Again, beyond the daily political quarrels among actors, lies a far more important question; what kind of political culture should Oyo State leave behind, should the future still revolve around powerful individuals whose influence rises and falls with elections, or should institutions become strong enough to survive whoever occupies the governor’s office?

Roads remember no political party, hospitals do not ask who commissioned them before saving lives, schools continue to educate children long after campaign posters have faded beneath the rain, political slogans disappear like harmattan mist, but institutions remain standing if properly nurtured.

Nevertheless, history also sas a ense of humour and perhaps nothing illustrates the irony of Oyo politics better than today’s unfolding events ahead of the next electoral cycle.

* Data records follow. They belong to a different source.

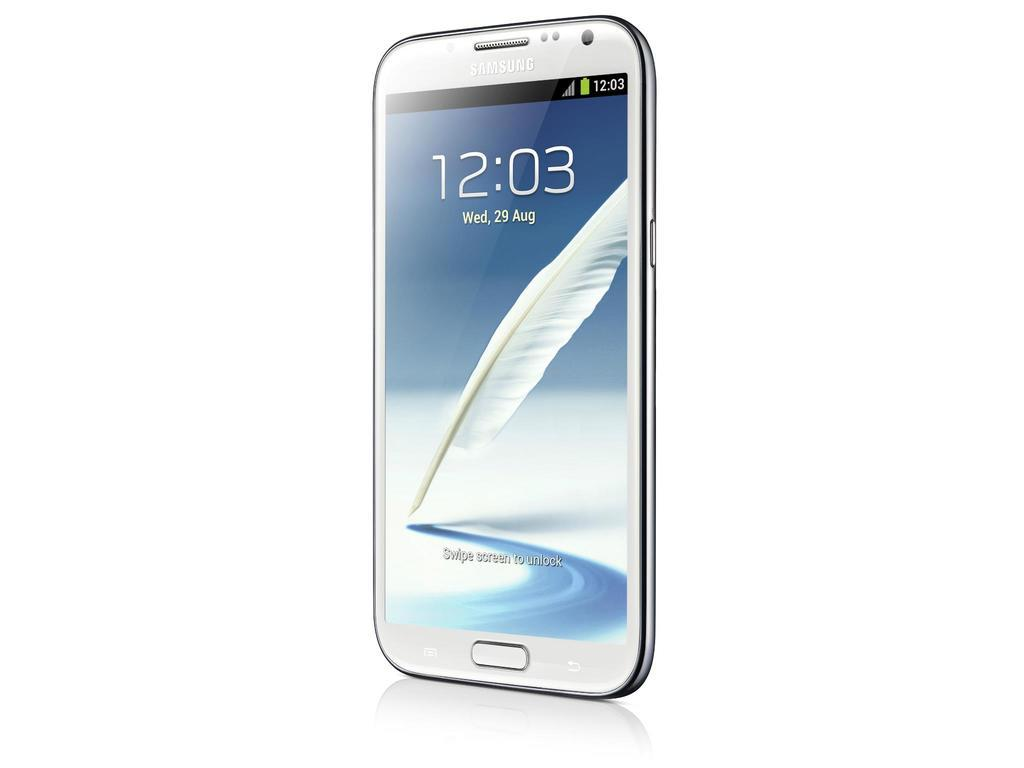<image>
Create a compact narrative representing the image presented. The front of a Samsung phone shows the time as 12:03. 
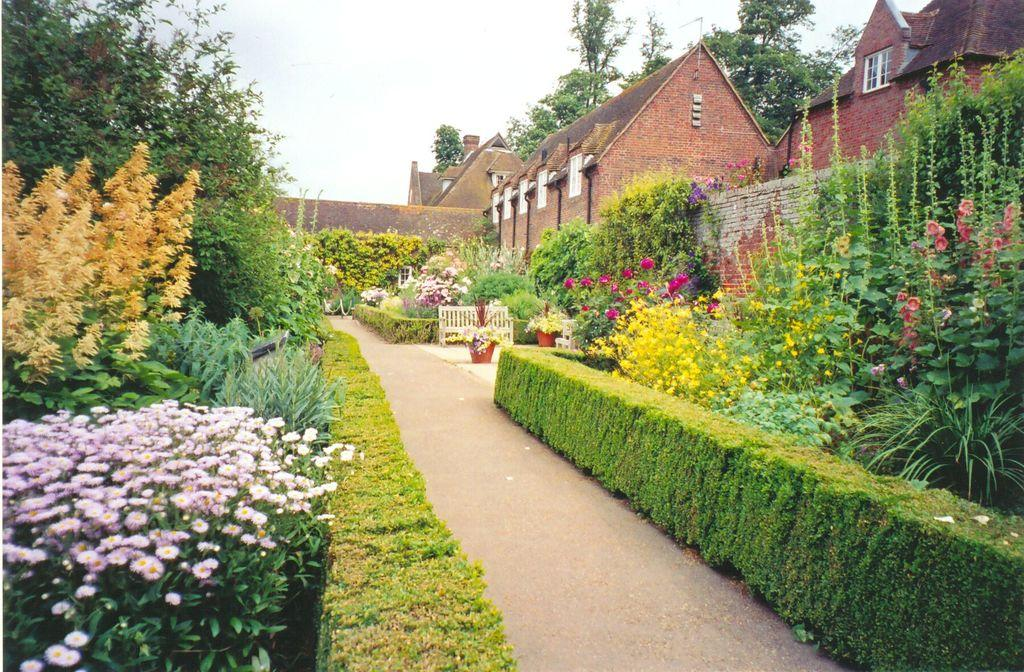What type of vegetation can be seen in the image? There are flowers, plants, house plants, and trees in the image. What type of structure is present in the image? There are buildings in the image. What can be seen in the background of the image? The sky is visible in the background of the image. What is the purpose of the fence in the image? The fence in the image may serve as a boundary or barrier. What is the path in the image used for? The path in the image may be used for walking or navigating through the area. What type of body is visible in the image? There is no body present in the image; it features flowers, plants, a path, a fence, and buildings. What type of power source can be seen in the image? There is no power source visible in the image; it primarily features vegetation and structures. 
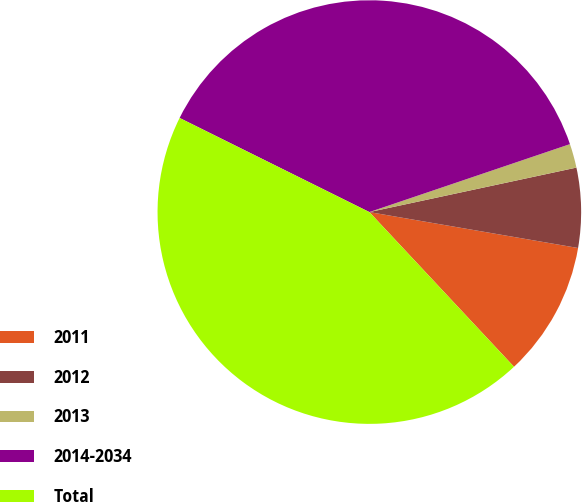Convert chart to OTSL. <chart><loc_0><loc_0><loc_500><loc_500><pie_chart><fcel>2011<fcel>2012<fcel>2013<fcel>2014-2034<fcel>Total<nl><fcel>10.32%<fcel>6.08%<fcel>1.83%<fcel>37.47%<fcel>44.29%<nl></chart>

Some who now accuse Makinde of excessive influence once defended stronger political control when it favoured them.

Others who now preach transparency were remarkably silent when opacity ruled the day in the past, and some who now speak passionately about democratic values once celebrated politics driven by patronage, all because they were still in the mix of things.

Africans often say, “The man who forgets where the rain first soaked him will soon mock the umbrella that once sheltered him.” That is why politics has a remarkable way of exposing selective memory, especially during political seasons.

As another election cycle slowly approaches, Oyo people face a choice that extends beyond political parties and campaign promises.

Will the state continue chasing powerful personalities like children chasing butterflies, or will it deliberately strengthen institutions capable of standing long after today’s political gladiators have left the arena?

That is the conversation that truly matters and should really concern every citizen and residents of the state.

For Governor Seyi Makinde, history’s judgment may ultimately rest not on the volume of today’s political attacks but on whether he succeeded in nurturing the institutions he has entrenched whose shade future generations will enjoy.

If that becomes his lasting legacy, then the irony would be complete.

He would have become a victim, not because he governed without faults, for no leader does, but because he dared to change the rules of a game that had enriched the elites for too long as against the masses.

And perhaps that is why another timeless African proverb rings so true today: “The tree laden with the sweetest fruits is the one that receives the greatest number of stones.”

Whether those stones are the healthy missiles of democracy or merely the dust raised by bruised political ambitions is a verdict that only time, and the people of Oyo state…will decide at the polls.

Ibrahim Adekola, writes from Yemetu, Ibadan.